In July 1957, I was sent to Camp Irwin, in the Mojave Desert about thirty-seven miles from Barstow, California. I had just turned twenty-one and been promoted to private first class. I checked into band headquarters, was assigned a bed in the airconditioned barracks, was issued short sleeve shirts, Bermuda shorts, and a pith helmet, and thus became a desert rat, which I remain to this day.

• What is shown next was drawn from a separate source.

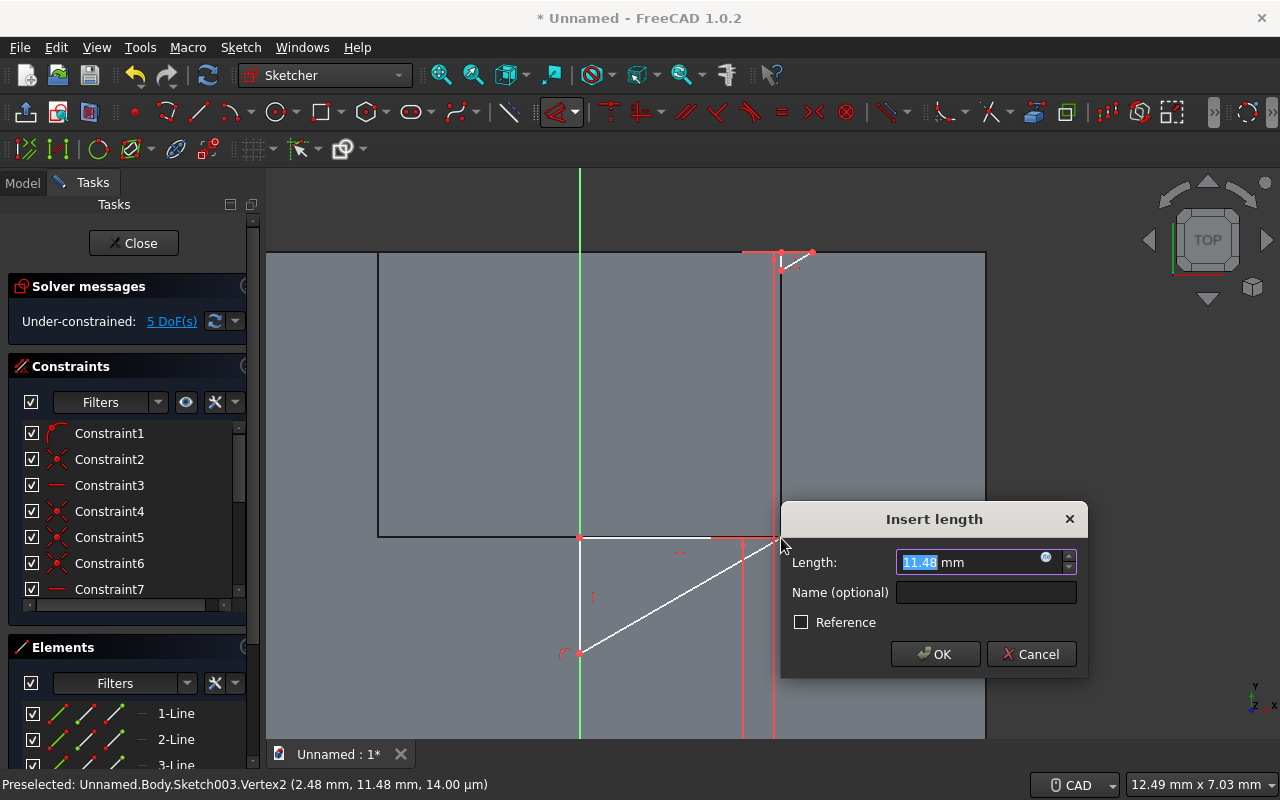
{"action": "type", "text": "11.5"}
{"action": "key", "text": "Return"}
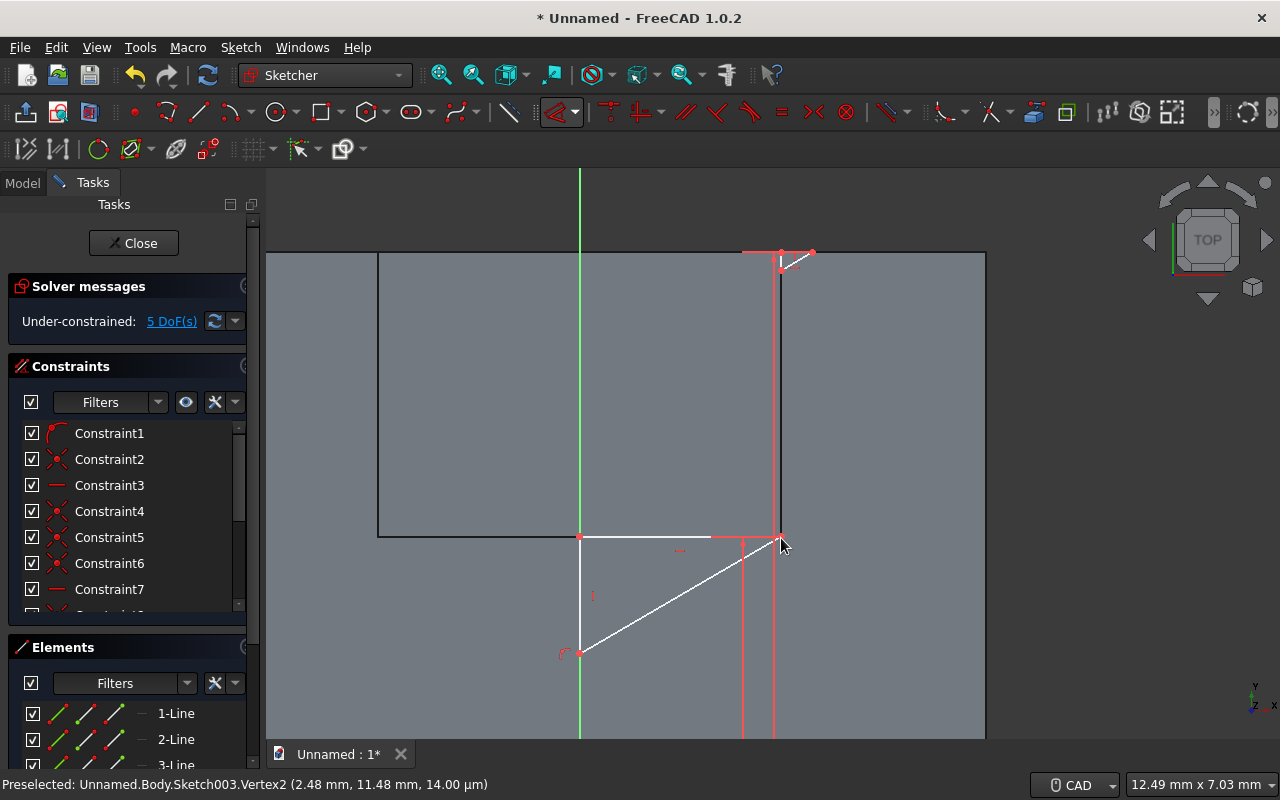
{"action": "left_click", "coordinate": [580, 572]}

My first gig with the 433rd Army Band was to travel by bus to a place called Desert Rock at the Nevada Proving Grounds, not too far from Las Vegas. The following morning before dawn, our band was assembled, and we began to perform Sousa marches from memory. Suddenly the sky lit up brighter than the sun, and we all watched as a great mushroom cloud unfurled skyward displaying an array of colors I cannot describe. As I watched the aboveground detonation of an atomic bomb a scant seven miles away, I had my great and enduring epiphany. I came to realize that I was sane in a culture gone deeply awry. The atomic bomb, designed to kill many thousands of fellow humans in a single blast, also took out every iota of life in the immediate habitat and rendered the habitat itself unlivable for many years. And thus I became and remain what we now call a counterculturalist, though the term was only coined a dozen years later by Theodore Roszak.

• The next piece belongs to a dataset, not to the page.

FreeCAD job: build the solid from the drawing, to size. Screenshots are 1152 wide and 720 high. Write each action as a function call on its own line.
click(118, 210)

I got out of the army in 1958 and went first to Santa Barbara and then to North Beach in San Francisco. I had a little bread in my pocket from my army discharge pay. I had my horn, and I had a short—a 1952 Pontiac sedan that I could sleep in. I found a place called the Coffee Gallery where I could jam with fellow jazz musicians. I could eat my one big meal a day—a five-course Italian dinner with a half-carafe of wine at the Green Mountain Restaurant for a buck and a quarter. I could listen to poetry being read in any of a number of coffeehouses and hangouts, including both the Caffe Trieste and the Co-Existence Bagel Shop. And I could browse endlessly in the City Lights Bookstore, owned by Lawrence Ferlinghetti.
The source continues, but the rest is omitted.